ExPUNations: Augmenting Puns with Keywords and Explanations
This work addresses the problem of enhancing AI's ability to handle humor, specifically puns, for natural language processing applications, though it is incremental as it builds on existing datasets and tasks.
The authors tackled the challenge of humor understanding and generation by creating the ExPUNations dataset, which augments puns with crowdsourced keywords, explanations, and funniness ratings, and showed that these annotations improve humor classifier accuracy and robustness and aid in generating better humorous texts in human evaluations.

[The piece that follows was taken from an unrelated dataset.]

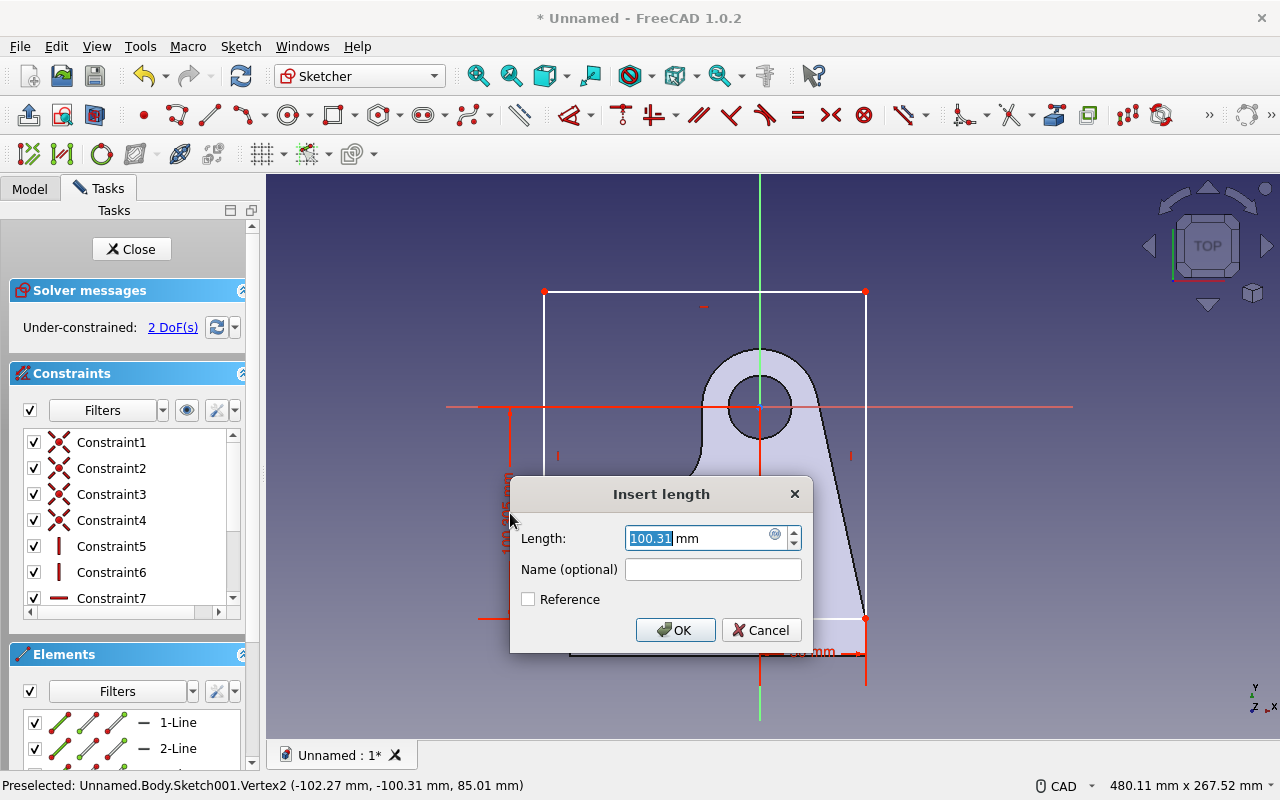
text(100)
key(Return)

The tasks of humor understanding and generation are challenging and subjective even for humans, requiring commonsense and real-world knowledge to master. Puns, in particular, add the challenge of fusing that knowledge with the ability to interpret lexical-semantic ambiguity. In this paper, we present the ExPUNations (ExPUN) dataset, in which we augment an existing dataset of puns with detailed crowdsourced annotations of keywords denoting the most distinctive words that make the text funny, pun explanations describing why the text is funny, and fine-grained funniness ratings. This is the first humor dataset with such extensive and fine-grained annotations specifically for puns. Based on these annotations, we propose two tasks: explanation generation to aid with pun classification and keyword-conditioned pun generation, to challenge the current state-of-the-art natural language understanding and generation models' ability to understand and generate humor. We showcase that the annotated keywords we collect are helpful for generating better novel humorous texts in human evaluation, and that our natural language explanations can be leveraged to improve both the accuracy and robustness of humor classifiers.